We are trying to load the full Wikidata (latest TTL dump) into a Virtuoso Open-Source (VOS) instance (version 18.104.22.168).
We encountered some problems when loading the first batch of files: the
latest-all.ttl file was divided into 82 smaller files of 200M triples each (around 7GB each file). When we started to run the bulk upload, the process terminated with the following problem:
/data/VOS/bulk-loading/latest-all_from_1_to_200000000.ttl **42000 RDFGE: RDF box with a geometry RDF type and a non-geometry content** /data/VOS/bulk-loading/latest-all_from_200000001_to_400000000.ttl **37000 [Vectorized Turtle loader] SP029: TURTLE RDF loader, line 1: Undefined namespace prefix at skos:prefLabel** /data/VOS/bulk-loading/latest-all_from_400000001_to_600000000.ttl **37000 [Vectorized Turtle loader] SP029: TURTLE RDF loader, line 1: syntax error** /data/VOS/bulk-loading/latest-all_from_600000001_to_800000000.ttl **37000 [Vectorized Turtle loader] SP029: TURTLE RDF loader, line 1: syntax error** /data/VOS/bulk-loading/latest-all_from_800000001_to_1000000000.ttl **37000 [Vectorized Turtle loader] SP029: TURTLE RDF loader, line 1: syntax error**
We found the following description on Stackoverflow from Peter F. Patel-Schneider.

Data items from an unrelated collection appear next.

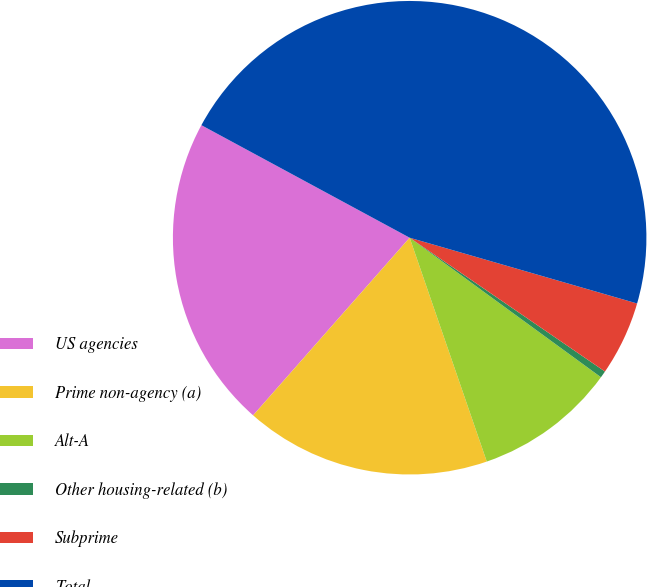Convert chart. <chart><loc_0><loc_0><loc_500><loc_500><pie_chart><fcel>US agencies<fcel>Prime non-agency (a)<fcel>Alt-A<fcel>Other housing-related (b)<fcel>Subprime<fcel>Total<nl><fcel>21.39%<fcel>16.78%<fcel>9.69%<fcel>0.47%<fcel>5.08%<fcel>46.6%<nl></chart> 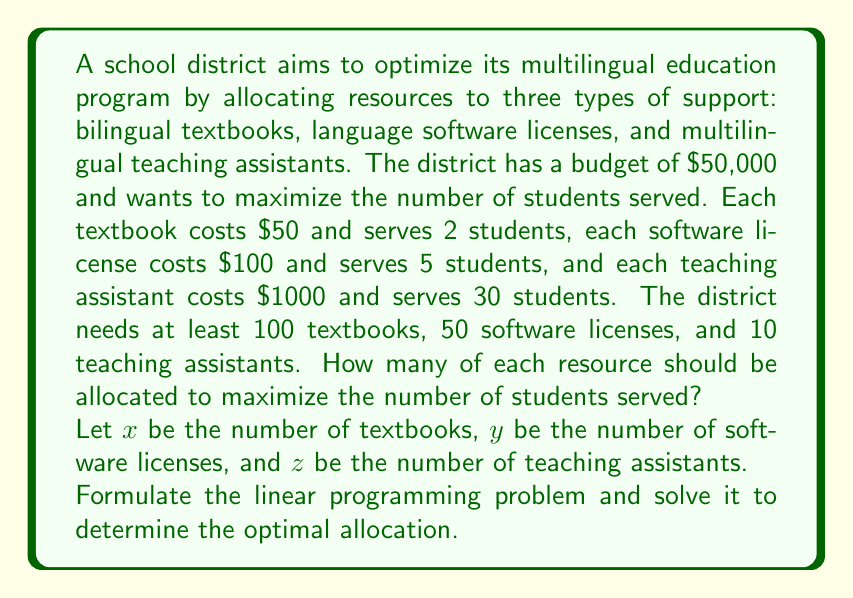Solve this math problem. To solve this problem, we'll follow these steps:

1. Formulate the linear programming problem:
   Objective function: Maximize $2x + 5y + 30z$ (number of students served)
   Subject to constraints:
   $$50x + 100y + 1000z \leq 50000$$ (budget constraint)
   $$x \geq 100$$ (minimum textbooks)
   $$y \geq 50$$ (minimum software licenses)
   $$z \geq 10$$ (minimum teaching assistants)
   $$x, y, z \geq 0$$ (non-negativity constraints)

2. Simplify the budget constraint:
   $$x + 2y + 20z \leq 1000$$

3. Set up the initial tableau:
   $$\begin{array}{c|cccc|c}
   & x & y & z & s & RHS \\
   \hline
   s & 1 & 2 & 20 & 1 & 1000 \\
   -Z & -2 & -5 & -30 & 0 & 0 \\
   \hline
   \end{array}$$

4. Identify the pivot column (most negative in -Z row): $z$

5. Calculate ratios for the pivot row:
   $1000 / 20 = 50$

6. Perform row operations to get the new tableau:
   $$\begin{array}{c|cccc|c}
   & x & y & z & s & RHS \\
   \hline
   z & 1/20 & 1/10 & 1 & 1/20 & 50 \\
   -Z & 13 & 1 & 0 & 3/2 & 1500 \\
   \hline
   \end{array}$$

7. The solution is optimal as there are no negative values in the -Z row.

8. Read the solution:
   $z = 50$ (teaching assistants)
   $x = 100$ (textbooks, from the minimum constraint)
   $y = 50$ (software licenses, from the minimum constraint)

9. Calculate the maximum number of students served:
   $2(100) + 5(50) + 30(50) = 1950$ students
Answer: 100 textbooks, 50 software licenses, 50 teaching assistants; 1950 students served

In it, Peter indicates that there’s a bug in Virtuoso related to the handling of geo-coordinates.
Peter goes explaining that one should change the VOS source code in order to correct this problem.
We thought that maybe this problem would have been fixed in a newer version of VOS. But, it’s in our understanding that the latest version of VOS is 22.214.171.124 (from 2018-08-15). And, hence, we are using it. Also, we haven’t found any other/further information related to a fix for this bug. The only close reference is an evaluation of using Virtuoso as an alternative to Blazegraph for Wikidata.
- Is the description of Peter on Stackoverflow correct?
- And if so, Peter mentions that “if one is loading the complete Wikidata dump one needs a machine with at least 256GB of main memory (maybe even at least 512GB)”. Would we need to have a main memory size of 512GB in order to run Wikidata in VOS? Or, how much main memory would be necessary to run it smoothly?
Having a local copy of Wikidata on our premises will help us greatly in several ongoing research projects.
We appreciate your kind attention and assistance. Looking forward to your reply.